Aydınlandığını ve az da olsa akıllandığını beyan eder Beyefendi...


BÜYÜK ADAMLAR

‘Olmaz, katiyyen olmaz...’
Bir dostun başından geçen gülünesi, ama bir o kadar da düşünülesi bir olaydır...
Adı Türkiye olan nadide bir memlekette bir insan ömrüne sığabilecek kadar uzak olmayan eski zamanlarda bir bakan varmış. İştigal alanı memleketin kültürel gelişimi konularıymış. Rivayet odur ki, işini çok ciddiye alırmış. Kendilerine tevdi edilen her evrakı didik didik eder, ancak ondan sonra “olur” verirmiş. Ve her fani gibi onun da siyasi görüşü varmış. Sevdiği, sevmediği, tuttuğu, tutmadığı, nefret etttiği, uzak durduğu işler ve kişiler varmış doğal olarak. Efendim devlette matbu evraklar vardır. İlgili daire, diyelim ki, Opera ve Bale Müdürlüğü bir evrak sunar bakana. Gelenek odur ki, şayet bakan paraf atmazsa iş olmamış, onay verilmemiş sayılır. Alttaki olur vaziyeti paraflanmışsa da evrak onaylanmış olur. Ancak bizim bakanımız, istemediği işleri usulüne uygun yapmazmış. “Olur”un üstünü kalınca çizer ve koca harflerle “olmaz” diye yazarmış. Hiç istemediği bir iş için onay alınmak istenmişse kendisinden, bu kez işi abartır ve “olur”un üstünü çizmekle kalmaz, devasa harflerle “Katiyyen olmaz” diye yazarak atarmış evrakı bir tarafa...
Duyumumuz odur ki, şimdiki zamanda bu büyüğümüzü çok önemli bir devlet görevi beklemektedir... Bu memlekette olmaz demeyeceksiniz, olur...
 

İŞTE O KADAR

Sevdanın hakkından mantıkla gelindiğini duydunuz mı hiç?

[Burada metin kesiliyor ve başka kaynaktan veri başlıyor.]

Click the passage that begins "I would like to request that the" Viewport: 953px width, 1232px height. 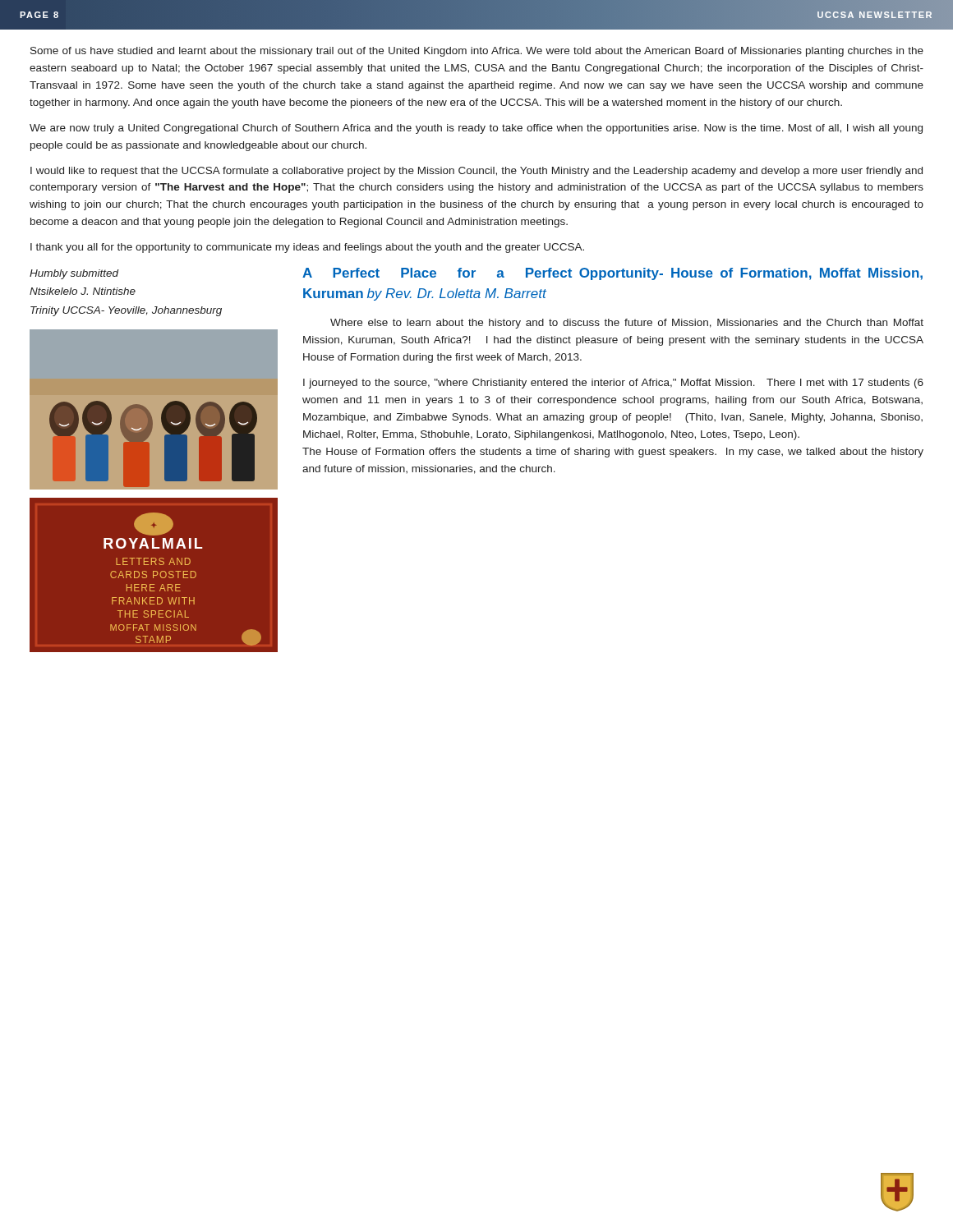[476, 196]
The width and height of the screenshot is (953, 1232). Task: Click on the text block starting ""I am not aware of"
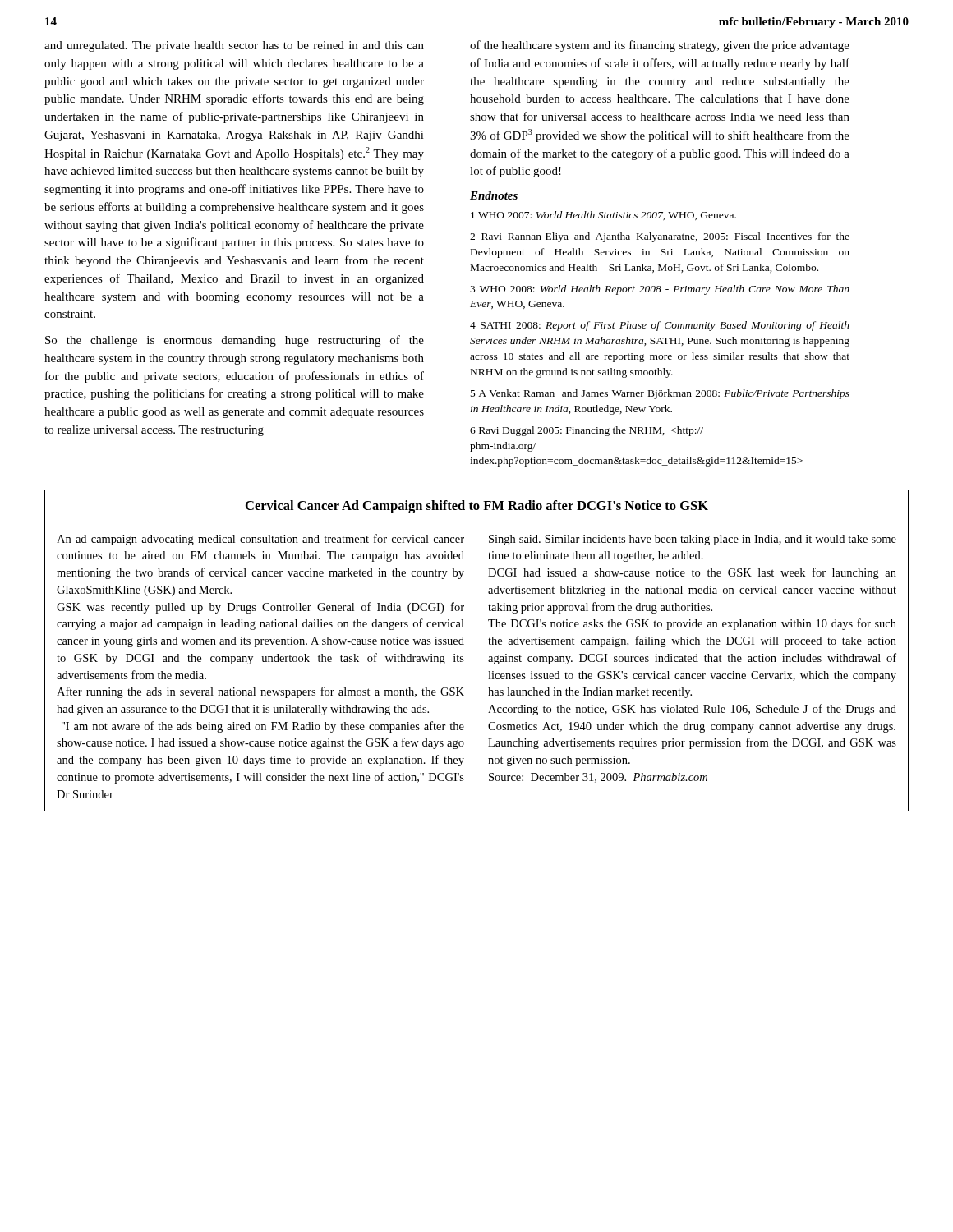point(260,760)
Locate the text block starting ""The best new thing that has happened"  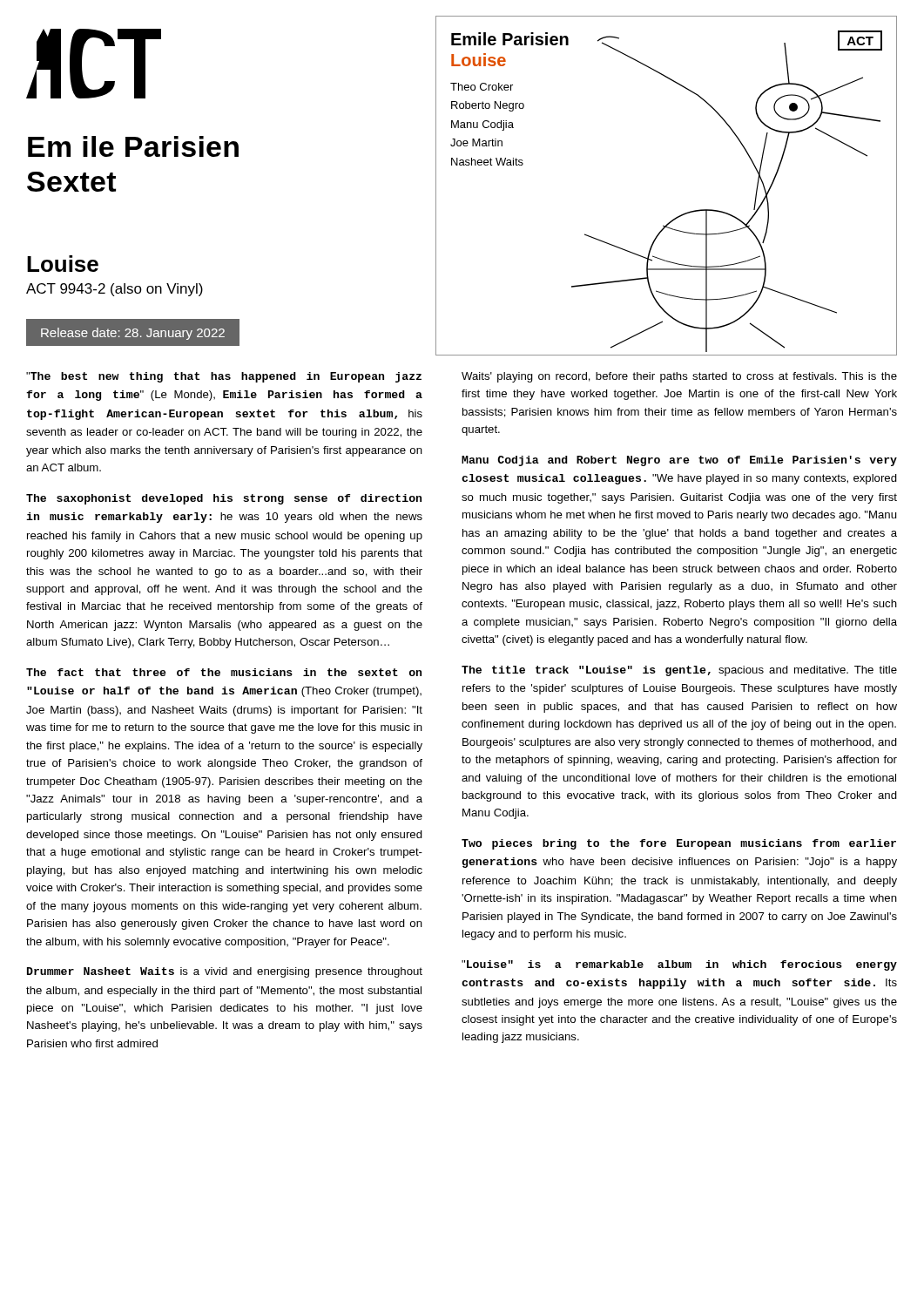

Stefan Zweig


BİR FOTO...


Yer, Beyoğlu. İstiklal Caddesi. Ve ünlü bir tatlıcı dükkanı. İki kız çocuğumuz... İki çocuğumuz... Yoksullar. Ve camdan bakıyorlar. İçlerinde henüz dizginsiz bir öfke yok belki ama, bu çocuklar büyüyecek ve her şeyin farkına varacak günün birinde. Ve muhtemeldir ki, bu anı hiç unutmayacaklar. Umarız o zaman içeride hesap ödeme kuyruğunda olurlar...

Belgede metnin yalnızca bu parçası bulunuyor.